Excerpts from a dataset

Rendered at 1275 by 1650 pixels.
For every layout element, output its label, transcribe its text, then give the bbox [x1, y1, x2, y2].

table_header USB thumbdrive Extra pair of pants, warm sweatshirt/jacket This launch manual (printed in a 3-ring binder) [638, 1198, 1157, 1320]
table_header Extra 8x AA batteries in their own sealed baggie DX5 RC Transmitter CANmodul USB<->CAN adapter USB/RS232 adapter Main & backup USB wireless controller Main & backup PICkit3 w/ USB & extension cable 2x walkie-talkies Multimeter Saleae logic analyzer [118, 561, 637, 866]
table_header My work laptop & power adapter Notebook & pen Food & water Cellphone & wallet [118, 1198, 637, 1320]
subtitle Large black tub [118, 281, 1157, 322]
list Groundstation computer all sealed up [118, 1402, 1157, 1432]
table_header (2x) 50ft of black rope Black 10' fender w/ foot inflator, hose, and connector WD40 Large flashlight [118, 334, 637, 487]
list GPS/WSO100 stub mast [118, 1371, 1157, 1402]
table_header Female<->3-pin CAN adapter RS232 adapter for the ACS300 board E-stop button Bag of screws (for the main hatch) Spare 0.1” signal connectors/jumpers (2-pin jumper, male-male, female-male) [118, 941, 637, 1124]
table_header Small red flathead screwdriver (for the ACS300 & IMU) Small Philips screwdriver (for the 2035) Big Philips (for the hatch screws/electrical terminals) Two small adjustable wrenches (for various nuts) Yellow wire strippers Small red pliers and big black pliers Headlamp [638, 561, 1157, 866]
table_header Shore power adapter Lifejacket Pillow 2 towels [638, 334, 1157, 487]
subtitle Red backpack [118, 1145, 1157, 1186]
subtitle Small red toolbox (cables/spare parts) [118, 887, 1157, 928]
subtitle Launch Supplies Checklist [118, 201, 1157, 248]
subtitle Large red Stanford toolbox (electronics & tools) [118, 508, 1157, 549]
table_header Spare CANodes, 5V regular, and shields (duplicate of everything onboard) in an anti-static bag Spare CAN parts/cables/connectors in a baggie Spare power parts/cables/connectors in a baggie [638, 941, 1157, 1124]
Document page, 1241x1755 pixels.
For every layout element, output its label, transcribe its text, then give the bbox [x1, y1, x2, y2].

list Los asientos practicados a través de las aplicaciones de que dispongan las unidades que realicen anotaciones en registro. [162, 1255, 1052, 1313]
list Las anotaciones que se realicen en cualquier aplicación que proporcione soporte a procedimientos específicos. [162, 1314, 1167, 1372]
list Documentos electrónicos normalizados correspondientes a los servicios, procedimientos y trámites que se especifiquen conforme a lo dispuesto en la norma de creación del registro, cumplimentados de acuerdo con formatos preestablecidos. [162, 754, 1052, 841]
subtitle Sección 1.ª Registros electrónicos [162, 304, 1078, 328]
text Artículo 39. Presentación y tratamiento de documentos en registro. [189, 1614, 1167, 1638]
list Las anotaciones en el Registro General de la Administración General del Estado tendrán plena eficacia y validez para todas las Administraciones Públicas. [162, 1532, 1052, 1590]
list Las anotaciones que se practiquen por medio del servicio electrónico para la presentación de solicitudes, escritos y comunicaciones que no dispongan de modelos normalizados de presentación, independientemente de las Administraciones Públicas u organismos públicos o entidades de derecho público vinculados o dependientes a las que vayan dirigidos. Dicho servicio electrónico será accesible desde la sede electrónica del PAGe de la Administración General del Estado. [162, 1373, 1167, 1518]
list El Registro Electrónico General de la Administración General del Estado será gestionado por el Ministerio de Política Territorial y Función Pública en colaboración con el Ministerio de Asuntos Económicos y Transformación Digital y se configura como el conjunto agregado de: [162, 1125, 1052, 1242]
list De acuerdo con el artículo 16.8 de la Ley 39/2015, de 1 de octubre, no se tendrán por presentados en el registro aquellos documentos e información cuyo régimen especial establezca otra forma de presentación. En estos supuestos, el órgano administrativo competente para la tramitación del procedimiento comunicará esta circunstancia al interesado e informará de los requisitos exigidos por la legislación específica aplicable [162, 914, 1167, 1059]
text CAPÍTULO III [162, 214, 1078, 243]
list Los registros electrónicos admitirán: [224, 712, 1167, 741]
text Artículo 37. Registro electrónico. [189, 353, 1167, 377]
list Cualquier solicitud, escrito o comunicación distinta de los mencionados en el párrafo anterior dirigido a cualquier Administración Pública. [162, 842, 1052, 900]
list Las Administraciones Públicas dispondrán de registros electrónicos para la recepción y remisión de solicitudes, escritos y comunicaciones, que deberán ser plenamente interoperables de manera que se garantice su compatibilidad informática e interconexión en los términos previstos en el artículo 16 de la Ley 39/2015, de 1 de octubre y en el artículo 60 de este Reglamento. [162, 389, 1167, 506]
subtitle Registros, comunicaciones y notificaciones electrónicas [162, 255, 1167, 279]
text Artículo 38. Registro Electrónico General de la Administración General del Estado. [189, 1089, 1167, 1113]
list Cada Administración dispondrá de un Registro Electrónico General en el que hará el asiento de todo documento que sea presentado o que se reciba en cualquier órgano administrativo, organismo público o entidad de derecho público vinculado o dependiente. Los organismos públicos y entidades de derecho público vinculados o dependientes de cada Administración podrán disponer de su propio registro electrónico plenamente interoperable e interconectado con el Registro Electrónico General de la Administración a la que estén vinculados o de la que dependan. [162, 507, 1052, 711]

▸ Task description: Copy only this part of the entries above: the line with "text Artículo 39.", the line with "list Las anotaciones en", and the lines between, all exactly as written.

▸ Finished task:
text Artículo 39. Presentación y tratamiento de documentos en registro. [189, 1614, 1167, 1638]
list Las anotaciones en el Registro General de la Administración General del Estado tendrán plena eficacia y validez para todas las Administraciones Públicas. [162, 1532, 1052, 1590]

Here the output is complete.